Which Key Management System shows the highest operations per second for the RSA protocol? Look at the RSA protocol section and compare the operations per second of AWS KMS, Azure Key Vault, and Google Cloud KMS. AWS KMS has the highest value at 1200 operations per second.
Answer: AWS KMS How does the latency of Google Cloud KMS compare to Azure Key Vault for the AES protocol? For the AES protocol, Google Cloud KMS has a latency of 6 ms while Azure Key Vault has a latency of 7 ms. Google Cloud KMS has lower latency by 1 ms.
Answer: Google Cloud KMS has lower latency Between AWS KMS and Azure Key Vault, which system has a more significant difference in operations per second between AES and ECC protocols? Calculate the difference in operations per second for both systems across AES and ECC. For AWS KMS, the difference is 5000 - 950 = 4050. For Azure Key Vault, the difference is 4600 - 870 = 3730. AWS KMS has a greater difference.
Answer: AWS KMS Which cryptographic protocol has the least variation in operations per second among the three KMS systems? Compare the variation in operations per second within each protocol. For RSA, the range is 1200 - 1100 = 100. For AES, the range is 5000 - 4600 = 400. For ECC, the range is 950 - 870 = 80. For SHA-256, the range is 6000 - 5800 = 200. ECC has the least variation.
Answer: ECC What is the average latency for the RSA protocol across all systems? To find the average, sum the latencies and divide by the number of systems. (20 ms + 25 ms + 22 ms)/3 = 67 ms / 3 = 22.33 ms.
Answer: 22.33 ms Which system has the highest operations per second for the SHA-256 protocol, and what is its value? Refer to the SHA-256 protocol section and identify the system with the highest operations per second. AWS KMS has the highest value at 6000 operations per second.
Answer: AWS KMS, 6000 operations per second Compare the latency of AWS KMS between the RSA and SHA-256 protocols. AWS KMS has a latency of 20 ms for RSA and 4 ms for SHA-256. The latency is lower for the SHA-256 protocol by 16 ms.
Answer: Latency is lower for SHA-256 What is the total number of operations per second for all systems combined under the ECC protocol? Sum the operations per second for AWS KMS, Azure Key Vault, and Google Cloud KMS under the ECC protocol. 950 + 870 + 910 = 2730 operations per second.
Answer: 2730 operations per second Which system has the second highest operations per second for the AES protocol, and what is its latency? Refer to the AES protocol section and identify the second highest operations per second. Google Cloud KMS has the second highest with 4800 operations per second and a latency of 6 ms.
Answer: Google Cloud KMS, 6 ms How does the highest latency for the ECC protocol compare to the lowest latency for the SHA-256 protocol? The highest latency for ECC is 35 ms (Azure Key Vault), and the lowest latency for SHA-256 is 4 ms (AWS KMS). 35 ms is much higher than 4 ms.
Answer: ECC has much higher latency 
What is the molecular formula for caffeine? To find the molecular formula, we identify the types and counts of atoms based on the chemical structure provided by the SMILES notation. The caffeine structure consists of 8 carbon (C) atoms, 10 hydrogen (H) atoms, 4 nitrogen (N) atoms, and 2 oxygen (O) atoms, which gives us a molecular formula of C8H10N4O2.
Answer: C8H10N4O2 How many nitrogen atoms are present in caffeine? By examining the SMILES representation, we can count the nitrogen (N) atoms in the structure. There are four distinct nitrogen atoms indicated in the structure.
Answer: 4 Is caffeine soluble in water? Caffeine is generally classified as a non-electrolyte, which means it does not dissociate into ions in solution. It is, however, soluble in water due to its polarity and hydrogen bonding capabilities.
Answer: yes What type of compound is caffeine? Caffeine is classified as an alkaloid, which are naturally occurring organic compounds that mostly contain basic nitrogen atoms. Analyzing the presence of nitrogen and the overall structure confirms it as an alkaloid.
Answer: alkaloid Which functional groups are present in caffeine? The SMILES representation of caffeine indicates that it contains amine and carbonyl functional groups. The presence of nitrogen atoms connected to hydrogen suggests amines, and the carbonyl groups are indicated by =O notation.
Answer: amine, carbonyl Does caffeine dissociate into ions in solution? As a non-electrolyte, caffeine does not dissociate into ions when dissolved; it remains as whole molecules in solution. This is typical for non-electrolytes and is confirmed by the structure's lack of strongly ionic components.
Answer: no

◆ What the task requires ◆
Return exactly, and only, the lines from the start of the listing through the line with "Answer: ECC What".

◆ Result ◆
Which Key Management System shows the highest operations per second for the RSA protocol? Look at the RSA protocol section and compare the operations per second of AWS KMS, Azure Key Vault, and Google Cloud KMS. AWS KMS has the highest value at 1200 operations per second.
Answer: AWS KMS How does the latency of Google Cloud KMS compare to Azure Key Vault for the AES protocol? For the AES protocol, Google Cloud KMS has a latency of 6 ms while Azure Key Vault has a latency of 7 ms. Google Cloud KMS has lower latency by 1 ms.
Answer: Google Cloud KMS has lower latency Between AWS KMS and Azure Key Vault, which system has a more significant difference in operations per second between AES and ECC protocols? Calculate the difference in operations per second for both systems across AES and ECC. For AWS KMS, the difference is 5000 - 950 = 4050. For Azure Key Vault, the difference is 4600 - 870 = 3730. AWS KMS has a greater difference.
Answer: AWS KMS Which cryptographic protocol has the least variation in operations per second among the three KMS systems? Compare the variation in operations per second within each protocol. For RSA, the range is 1200 - 1100 = 100. For AES, the range is 5000 - 4600 = 400. For ECC, the range is 950 - 870 = 80. For SHA-256, the range is 6000 - 5800 = 200. ECC has the least variation.
Answer: ECC What is the average latency for the RSA protocol across all systems? To find the average, sum the latencies and divide by the number of systems. (20 ms + 25 ms + 22 ms)/3 = 67 ms / 3 = 22.33 ms.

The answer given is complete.